Come aboard, members of PerC; and share your films!


----------



## Whippit (Jun 15, 2012)

Werewolf Woman, a surprisingly entertaining Italian exploitation film/psychological thriller that I discovered on one of those "100 Sci Fi Classics" collections for $15 dollars.


----------



## The Hungry One (Jan 26, 2011)

Everything by Satoshi Kon is amazing, but the strangest one is probably _Paprika_ (though I really loved _Millennium Actress_ and _Tokyo Godfathers_). Even if you don't normally watch anime, I strongly recommend you check his work out. With Miyazaki, he was one of Japan's most influential anime creators.


----------



## Hikikomori (Feb 14, 2013)

Lunacy.

I'll let the director tell you about it himself:


----------



## Sai (Sep 3, 2012)

Hikikomori said:


> Lunacy.
> 
> I'll let the director tell you about it himself:


YES YES YES!
i love all his films, but this one is the best.


----------



## Whippit (Jun 15, 2012)

Spork, kinda like Napoleon Dynamite done by John Waters. Intersexed teen, dance competition, amazing.


----------



## CaptSwan (Mar 31, 2013)

The Hungry One said:


> Everything by Satoshi Kon is amazing, but the strangest one is probably _Paprika_ (though I really loved _Millennium Actress_ and _Tokyo Godfathers_). Even if you don't normally watch anime, I strongly recommend you check his work out. With Miyazaki, he was one of Japan's most influential anime creators.

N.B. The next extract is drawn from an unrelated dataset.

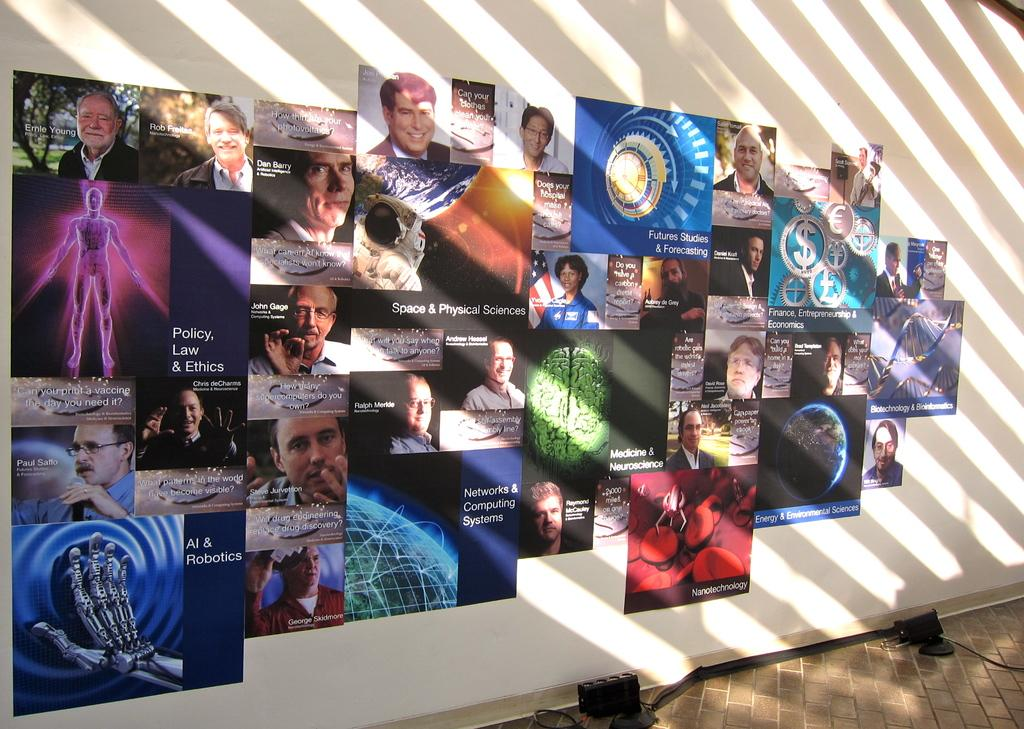What is displayed on the white color wall in the image? There are photos of persons on a white color wall. Are there any other items attached to the wall besides the photos? Yes, there are other objects attached to the white color wall. What can be seen on the floor in the image? There are objects on the floor. What type of tomatoes are being used as a representative for the invention in the image? There are no tomatoes or inventions present in the image.

I've seen animes by Satoshi Kon, both "Paprika" and "Tokyo Godfathers", and I have to say, I'm not a huge fan of anime, but I enjoyed those films so much, especially Tokyo Godfathers.


----------



## countrygirl90 (Oct 11, 2012)

I liked the Tom Hanks *forrest gump* very much ,apart from it *psycho* from 60s is also one of mine favorite ,rest I like all Bollywood movies from retro era to late 90s .


----------



## CaptSwan (Mar 31, 2013)

countrygirl90 said:


> I liked the Tom Hanks *forrest gump* very much ,apart from it *psycho* from 60s is also one of mine favorite ,rest I like all Bollywood movies from retro era to late 90s .


If I may ask; what are some Bollywood films of that era that you could recommend. I've heard it mention before; but, I've never had the chance to see it. Also, great taste for both Forrest Gump and Psycho.


----------



## countrygirl90 (Oct 11, 2012)

CaptSwan said:


> If I may ask; what are some Bollywood films of that era that you could recommend. I've heard it mention before; but, I've never had the chance to see it. Also, great taste for both Forrest Gump and Psycho.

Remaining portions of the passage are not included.